One other thing to consider would be that who would work on this unit? There just aren't many (if any) who worked on them back in the day to work on them now. Steam has benefited from the fact that there have always been "old heads" who knew how the stuff worked and could pass down the knowledge. The steamer's wisdom was never extinguished. Same with diesel many thousands of people know how the diesel-electrics from EMD, GE and even ALCO tick. 

Not so with the turbines. Which means even with skilled mechanical forces, they'd be going into it with a machine and some drawings. That's not much to go on. 

The 4014 team has the benefit of working on a very similar 844, they're used to big steam, and my feeling is that they see the 4014 as a scale-up from the 844 and Challenger. Not a ton new to learn. 

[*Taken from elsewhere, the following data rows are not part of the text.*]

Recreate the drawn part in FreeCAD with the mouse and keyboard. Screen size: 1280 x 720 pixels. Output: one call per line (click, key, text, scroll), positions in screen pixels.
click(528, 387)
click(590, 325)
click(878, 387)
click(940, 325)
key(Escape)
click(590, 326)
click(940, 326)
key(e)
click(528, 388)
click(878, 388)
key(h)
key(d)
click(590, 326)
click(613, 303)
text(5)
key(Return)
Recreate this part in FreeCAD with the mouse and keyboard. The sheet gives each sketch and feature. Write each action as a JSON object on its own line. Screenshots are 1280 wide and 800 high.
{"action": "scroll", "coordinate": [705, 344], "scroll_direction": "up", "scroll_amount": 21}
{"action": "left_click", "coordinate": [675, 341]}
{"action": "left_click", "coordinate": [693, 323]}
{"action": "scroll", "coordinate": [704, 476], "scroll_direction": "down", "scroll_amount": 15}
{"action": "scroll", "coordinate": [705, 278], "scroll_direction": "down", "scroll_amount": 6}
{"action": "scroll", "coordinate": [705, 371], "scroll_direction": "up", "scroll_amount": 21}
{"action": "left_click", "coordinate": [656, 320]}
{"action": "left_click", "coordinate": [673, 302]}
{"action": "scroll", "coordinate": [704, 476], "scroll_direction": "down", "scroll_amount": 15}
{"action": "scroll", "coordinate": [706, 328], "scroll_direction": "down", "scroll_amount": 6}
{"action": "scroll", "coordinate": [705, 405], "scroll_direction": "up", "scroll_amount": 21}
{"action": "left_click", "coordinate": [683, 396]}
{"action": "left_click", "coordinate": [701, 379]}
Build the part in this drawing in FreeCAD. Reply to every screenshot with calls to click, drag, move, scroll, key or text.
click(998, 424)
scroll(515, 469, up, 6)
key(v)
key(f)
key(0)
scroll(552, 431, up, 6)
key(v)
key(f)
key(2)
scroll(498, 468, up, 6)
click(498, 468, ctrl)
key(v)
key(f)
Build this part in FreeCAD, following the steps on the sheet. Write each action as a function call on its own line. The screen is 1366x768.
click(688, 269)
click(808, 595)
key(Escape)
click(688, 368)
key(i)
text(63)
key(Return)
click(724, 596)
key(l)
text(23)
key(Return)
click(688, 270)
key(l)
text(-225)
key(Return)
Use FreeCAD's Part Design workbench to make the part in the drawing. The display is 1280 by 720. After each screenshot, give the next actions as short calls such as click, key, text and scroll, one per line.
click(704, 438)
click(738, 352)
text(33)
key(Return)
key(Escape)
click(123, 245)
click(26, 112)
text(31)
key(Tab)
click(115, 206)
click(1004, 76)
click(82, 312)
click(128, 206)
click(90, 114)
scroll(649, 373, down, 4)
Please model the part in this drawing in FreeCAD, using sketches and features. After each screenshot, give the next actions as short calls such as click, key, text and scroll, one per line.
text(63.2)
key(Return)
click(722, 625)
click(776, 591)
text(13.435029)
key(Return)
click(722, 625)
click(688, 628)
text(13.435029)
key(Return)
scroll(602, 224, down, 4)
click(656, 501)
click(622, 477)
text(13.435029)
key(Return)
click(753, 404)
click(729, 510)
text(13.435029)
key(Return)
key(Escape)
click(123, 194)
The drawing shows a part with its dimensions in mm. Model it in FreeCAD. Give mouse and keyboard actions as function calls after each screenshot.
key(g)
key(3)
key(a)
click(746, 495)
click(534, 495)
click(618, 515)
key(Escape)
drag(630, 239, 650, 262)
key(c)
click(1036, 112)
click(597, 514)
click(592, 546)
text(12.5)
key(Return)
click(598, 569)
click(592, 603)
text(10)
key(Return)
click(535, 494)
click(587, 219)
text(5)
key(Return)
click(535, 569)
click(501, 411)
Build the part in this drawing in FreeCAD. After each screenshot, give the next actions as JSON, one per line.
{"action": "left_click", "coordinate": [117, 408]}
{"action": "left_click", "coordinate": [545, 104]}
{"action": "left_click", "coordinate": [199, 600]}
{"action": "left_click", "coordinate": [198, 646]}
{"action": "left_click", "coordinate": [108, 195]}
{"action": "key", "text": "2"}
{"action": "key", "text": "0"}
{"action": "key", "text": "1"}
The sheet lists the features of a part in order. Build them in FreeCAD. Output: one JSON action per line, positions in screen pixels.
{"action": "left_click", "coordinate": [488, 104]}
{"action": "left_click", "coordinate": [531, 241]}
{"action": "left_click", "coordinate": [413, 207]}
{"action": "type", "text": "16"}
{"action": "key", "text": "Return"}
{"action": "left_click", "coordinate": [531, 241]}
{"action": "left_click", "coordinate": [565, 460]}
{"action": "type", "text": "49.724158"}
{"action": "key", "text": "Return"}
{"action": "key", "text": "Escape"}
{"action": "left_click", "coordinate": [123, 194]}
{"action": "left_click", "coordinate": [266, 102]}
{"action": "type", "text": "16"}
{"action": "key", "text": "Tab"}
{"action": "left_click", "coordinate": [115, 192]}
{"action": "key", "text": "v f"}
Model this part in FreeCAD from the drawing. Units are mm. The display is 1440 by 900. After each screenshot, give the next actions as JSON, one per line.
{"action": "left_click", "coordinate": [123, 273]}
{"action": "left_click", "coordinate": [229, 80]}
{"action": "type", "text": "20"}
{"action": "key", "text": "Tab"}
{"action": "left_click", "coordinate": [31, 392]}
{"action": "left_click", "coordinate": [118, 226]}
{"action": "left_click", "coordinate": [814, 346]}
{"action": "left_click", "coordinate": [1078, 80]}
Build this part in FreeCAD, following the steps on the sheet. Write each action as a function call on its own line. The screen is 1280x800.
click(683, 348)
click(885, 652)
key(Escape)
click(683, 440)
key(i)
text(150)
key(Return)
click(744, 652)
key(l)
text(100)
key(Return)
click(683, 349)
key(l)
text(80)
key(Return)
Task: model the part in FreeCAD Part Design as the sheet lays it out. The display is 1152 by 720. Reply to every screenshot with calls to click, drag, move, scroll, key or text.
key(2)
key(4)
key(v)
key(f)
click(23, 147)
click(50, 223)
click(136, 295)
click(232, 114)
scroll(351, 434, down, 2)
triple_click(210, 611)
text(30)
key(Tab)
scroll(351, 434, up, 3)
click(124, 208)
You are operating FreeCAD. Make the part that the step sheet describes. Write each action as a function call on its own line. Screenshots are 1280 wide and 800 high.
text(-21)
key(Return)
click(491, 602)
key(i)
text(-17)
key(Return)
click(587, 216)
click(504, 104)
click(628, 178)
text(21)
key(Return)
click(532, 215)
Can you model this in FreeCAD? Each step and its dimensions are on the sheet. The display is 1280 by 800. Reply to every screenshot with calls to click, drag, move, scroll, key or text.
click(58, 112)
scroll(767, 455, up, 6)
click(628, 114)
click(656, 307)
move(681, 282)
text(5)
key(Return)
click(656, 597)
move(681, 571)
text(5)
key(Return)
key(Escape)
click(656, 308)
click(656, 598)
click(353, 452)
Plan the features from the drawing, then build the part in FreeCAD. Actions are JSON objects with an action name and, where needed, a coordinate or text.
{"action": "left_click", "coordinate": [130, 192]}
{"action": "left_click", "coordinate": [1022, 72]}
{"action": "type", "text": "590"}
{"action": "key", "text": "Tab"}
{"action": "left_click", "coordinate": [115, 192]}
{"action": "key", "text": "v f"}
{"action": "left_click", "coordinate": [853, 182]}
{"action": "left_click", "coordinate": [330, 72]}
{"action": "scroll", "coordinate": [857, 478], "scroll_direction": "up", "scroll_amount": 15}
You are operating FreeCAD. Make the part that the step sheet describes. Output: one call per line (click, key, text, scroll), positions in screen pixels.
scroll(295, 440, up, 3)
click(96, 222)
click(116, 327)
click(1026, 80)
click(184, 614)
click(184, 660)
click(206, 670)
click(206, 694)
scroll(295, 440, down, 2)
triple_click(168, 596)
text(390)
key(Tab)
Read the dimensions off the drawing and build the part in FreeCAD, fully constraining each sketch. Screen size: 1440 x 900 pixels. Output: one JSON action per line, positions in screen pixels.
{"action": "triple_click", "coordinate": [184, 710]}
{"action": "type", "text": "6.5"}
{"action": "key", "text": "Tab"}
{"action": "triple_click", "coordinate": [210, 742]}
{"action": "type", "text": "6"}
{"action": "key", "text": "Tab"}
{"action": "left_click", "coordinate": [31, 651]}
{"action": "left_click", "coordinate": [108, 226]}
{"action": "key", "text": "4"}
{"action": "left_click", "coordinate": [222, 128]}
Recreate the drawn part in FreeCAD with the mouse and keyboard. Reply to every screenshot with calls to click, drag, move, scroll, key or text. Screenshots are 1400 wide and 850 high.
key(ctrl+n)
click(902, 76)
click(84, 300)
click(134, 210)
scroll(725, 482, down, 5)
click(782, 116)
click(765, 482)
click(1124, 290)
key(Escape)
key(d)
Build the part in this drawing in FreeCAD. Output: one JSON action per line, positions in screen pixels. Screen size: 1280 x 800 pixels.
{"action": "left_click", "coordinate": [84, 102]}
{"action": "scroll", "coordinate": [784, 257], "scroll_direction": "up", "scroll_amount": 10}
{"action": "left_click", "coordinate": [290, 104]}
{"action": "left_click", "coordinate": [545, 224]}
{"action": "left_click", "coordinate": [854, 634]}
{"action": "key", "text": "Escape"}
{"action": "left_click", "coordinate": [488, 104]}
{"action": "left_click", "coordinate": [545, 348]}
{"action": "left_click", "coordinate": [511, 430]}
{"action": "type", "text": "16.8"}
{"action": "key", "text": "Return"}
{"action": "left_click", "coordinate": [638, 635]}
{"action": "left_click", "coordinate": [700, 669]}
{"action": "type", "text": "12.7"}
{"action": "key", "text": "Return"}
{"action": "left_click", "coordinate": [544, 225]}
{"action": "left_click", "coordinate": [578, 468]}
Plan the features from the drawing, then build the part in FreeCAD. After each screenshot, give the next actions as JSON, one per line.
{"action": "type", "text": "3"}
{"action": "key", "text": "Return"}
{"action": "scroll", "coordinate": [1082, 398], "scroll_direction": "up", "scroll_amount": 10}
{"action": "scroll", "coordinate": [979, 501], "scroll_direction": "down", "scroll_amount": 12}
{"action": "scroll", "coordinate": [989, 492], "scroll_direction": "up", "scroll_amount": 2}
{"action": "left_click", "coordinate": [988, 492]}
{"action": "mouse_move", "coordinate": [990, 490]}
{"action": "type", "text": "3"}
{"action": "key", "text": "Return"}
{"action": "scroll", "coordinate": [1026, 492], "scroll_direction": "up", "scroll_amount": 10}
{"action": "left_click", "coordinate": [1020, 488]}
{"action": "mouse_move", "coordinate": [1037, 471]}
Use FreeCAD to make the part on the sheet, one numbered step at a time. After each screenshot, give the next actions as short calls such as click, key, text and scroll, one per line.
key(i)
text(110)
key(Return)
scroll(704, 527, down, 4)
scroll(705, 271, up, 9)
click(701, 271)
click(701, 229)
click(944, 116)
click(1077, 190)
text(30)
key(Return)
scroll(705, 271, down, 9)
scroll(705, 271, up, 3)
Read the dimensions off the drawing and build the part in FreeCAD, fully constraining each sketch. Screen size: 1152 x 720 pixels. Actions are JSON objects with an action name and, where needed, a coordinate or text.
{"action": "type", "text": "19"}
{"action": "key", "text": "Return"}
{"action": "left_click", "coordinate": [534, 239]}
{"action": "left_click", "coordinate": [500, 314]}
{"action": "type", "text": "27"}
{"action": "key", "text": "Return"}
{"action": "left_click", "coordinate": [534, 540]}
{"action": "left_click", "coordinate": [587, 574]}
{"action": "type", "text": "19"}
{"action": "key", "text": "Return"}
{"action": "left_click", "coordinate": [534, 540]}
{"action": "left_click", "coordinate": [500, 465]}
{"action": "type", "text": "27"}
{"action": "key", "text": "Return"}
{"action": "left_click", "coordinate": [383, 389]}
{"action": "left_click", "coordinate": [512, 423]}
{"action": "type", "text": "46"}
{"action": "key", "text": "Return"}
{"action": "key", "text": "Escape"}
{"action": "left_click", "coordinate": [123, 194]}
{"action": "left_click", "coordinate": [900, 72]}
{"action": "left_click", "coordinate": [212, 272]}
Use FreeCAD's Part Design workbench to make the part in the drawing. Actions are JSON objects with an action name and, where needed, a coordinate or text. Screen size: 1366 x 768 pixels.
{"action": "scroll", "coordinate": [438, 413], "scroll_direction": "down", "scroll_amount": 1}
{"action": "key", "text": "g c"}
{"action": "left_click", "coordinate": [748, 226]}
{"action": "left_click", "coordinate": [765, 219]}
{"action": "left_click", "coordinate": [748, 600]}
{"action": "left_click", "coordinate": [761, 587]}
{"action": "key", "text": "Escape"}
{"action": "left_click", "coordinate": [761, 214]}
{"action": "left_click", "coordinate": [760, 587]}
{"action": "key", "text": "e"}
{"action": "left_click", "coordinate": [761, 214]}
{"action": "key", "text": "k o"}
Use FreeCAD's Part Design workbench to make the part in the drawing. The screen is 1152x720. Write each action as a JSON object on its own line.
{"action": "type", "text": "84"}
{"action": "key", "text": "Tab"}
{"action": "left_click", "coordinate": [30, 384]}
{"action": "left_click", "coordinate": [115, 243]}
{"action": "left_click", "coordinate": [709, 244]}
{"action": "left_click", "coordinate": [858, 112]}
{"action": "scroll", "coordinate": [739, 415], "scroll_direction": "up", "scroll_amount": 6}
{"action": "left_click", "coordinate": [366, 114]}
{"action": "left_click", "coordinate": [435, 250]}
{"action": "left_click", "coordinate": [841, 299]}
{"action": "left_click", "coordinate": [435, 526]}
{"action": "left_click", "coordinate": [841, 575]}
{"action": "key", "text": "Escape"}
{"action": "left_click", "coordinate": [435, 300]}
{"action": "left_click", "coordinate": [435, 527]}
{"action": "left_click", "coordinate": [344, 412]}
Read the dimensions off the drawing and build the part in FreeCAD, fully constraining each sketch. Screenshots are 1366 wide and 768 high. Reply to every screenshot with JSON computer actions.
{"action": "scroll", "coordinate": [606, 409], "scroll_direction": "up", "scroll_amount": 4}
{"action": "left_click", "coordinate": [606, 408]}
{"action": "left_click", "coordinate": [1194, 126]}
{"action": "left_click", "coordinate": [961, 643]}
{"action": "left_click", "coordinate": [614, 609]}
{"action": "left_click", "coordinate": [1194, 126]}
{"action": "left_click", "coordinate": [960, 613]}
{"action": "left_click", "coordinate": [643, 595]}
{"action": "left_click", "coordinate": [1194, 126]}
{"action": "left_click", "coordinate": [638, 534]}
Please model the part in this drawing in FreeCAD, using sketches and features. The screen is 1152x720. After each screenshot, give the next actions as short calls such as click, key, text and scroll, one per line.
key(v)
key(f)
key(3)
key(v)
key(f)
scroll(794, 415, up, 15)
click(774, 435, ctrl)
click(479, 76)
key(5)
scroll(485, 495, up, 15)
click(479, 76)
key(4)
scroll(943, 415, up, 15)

But Gas Turbines? Just too different. 

 

Who would work on it? Me, for one. Millwrights like me work on frame 5s all the time. They are still being built. Here is the one at the Training center in Las Vegas, donated by GE:

http://42mzqz26jebqf6rd034t5pef-wpengine.netdna-ssl.com/wp-content/uploads/2015/03/IMG_0228.jpg

 

No there is no need for A&Ps or black magic. We do it all the time. The aero derivative units however are not field serviceable and are serviced on a exchange  basis.

 

I stand corrected. I didn't understand how many of these sorts of turbines were still in operation. Thanks for your response - it was great reading!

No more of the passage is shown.